Ziener C H, Glutsch S, Jakob P M, Bauer W R
Julius-Maximilians-Universität Würzburg, Lehrstuhl für Experimentelle Physik 5, Würzburg, Germany.
Phys Rev E Stat Nonlin Soft Matter Phys. 2009 Oct;80(4 Pt 2):046701. doi: 10.1103/PhysRevE.80.046701. Epub 2009 Oct 9.

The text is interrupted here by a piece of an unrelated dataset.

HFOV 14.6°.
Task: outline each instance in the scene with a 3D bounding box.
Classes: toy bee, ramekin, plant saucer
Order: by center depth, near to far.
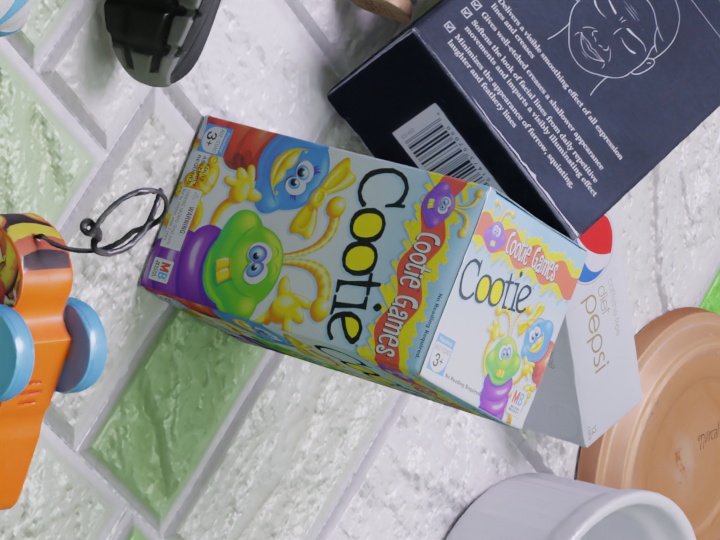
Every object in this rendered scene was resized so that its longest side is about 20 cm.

We numerically solve the Bloch-Torrey equation by discretizing the differential operators in real space using finite differences. The differential equation is either solved directly in time domain as initial-value problem or in frequency domain as boundary-value problem. Especially the solution in time domain is highly efficient and suitable for arbitrary domains and dimensions. As examples, we calculate the average magnetization and the frequency distribution for capillaries and cells which are idealized as cylinders and spheres, respectively. The solution is compared with the commonly used Gaussian approximation and the strong-collision approximation. While these approximations become exact in limiting cases (small or large diffusion coefficient), they strongly deviate from the numerical solution for intermediate values of the diffusion coefficient.
我们通过使用有限差分在实空间中离散微分算子来数值求解布洛赫 - 托里方程。该微分方程既可以作为初值问题在时域中直接求解,也可以作为边值问题在频域中求解。特别是时域中的解效率很高,适用于任意域和维度。作为示例,我们分别计算了理想化为圆柱体和球体的毛细血管和细胞的平均磁化强度和频率分布。将该解与常用的高斯近似和强碰撞近似进行了比较。虽然这些近似在极限情况(小或大扩散系数)下变得精确,但对于扩散系数的中间值,它们与数值解有很大偏差。